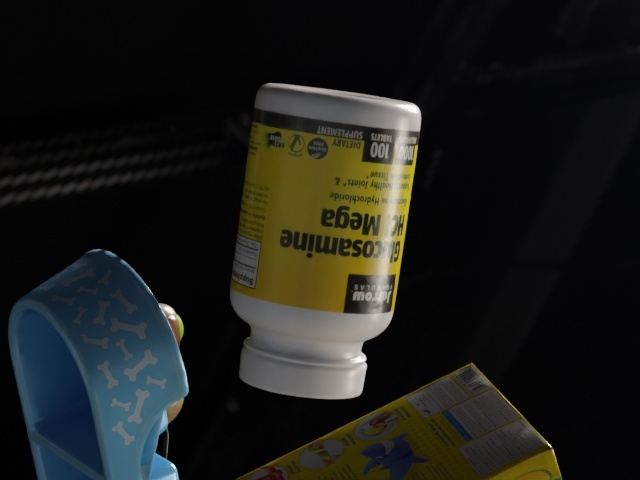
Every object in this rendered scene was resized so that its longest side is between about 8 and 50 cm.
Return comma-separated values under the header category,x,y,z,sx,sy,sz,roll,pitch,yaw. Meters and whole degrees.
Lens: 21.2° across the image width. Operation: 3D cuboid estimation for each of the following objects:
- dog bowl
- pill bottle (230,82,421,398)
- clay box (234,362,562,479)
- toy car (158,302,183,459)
category,x,y,z,sx,sy,sz,roll,pitch,yaw
dog bowl,-0.166,0.156,1.322,0.074,0.166,0.297,-21,-65,-31
pill bottle,0.000,0.000,1.909,0.188,0.188,0.333,1,-81,-43
clay box,0.038,0.176,1.156,0.222,0.127,0.053,-26,-61,-9
toy car,-0.224,0.179,2.039,0.149,0.188,0.155,-18,-9,9
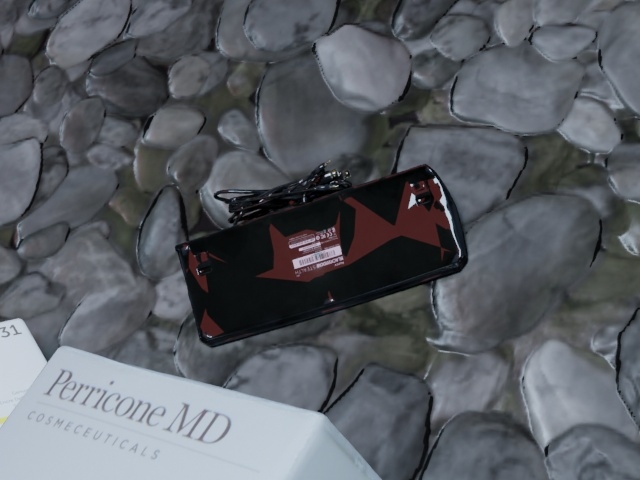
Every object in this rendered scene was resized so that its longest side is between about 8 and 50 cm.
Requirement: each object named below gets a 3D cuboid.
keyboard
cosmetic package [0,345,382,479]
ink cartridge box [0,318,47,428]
[{"bbox_3d":[0.000,0.000,1.070,0.192,0.038,0.100,-17,80,16],"label":"keyboard"},{"bbox_3d":[-0.151,0.291,0.822,0.230,0.161,0.453,8,56,45],"label":"cosmetic package"},{"bbox_3d":[-0.278,0.088,1.079,0.171,0.056,0.235,-12,48,-30],"label":"ink cartridge box"}]

▬▬▬

**BRIEF:** Output nothing but the lines from the one containing "cosmetic package [0,345,382,479]" to the end of the listing, both of those included, exactly as given.

**OUTPUT:**
cosmetic package [0,345,382,479]
ink cartridge box [0,318,47,428]
[{"bbox_3d":[0.000,0.000,1.070,0.192,0.038,0.100,-17,80,16],"label":"keyboard"},{"bbox_3d":[-0.151,0.291,0.822,0.230,0.161,0.453,8,56,45],"label":"cosmetic package"},{"bbox_3d":[-0.278,0.088,1.079,0.171,0.056,0.235,-12,48,-30],"label":"ink cartridge box"}]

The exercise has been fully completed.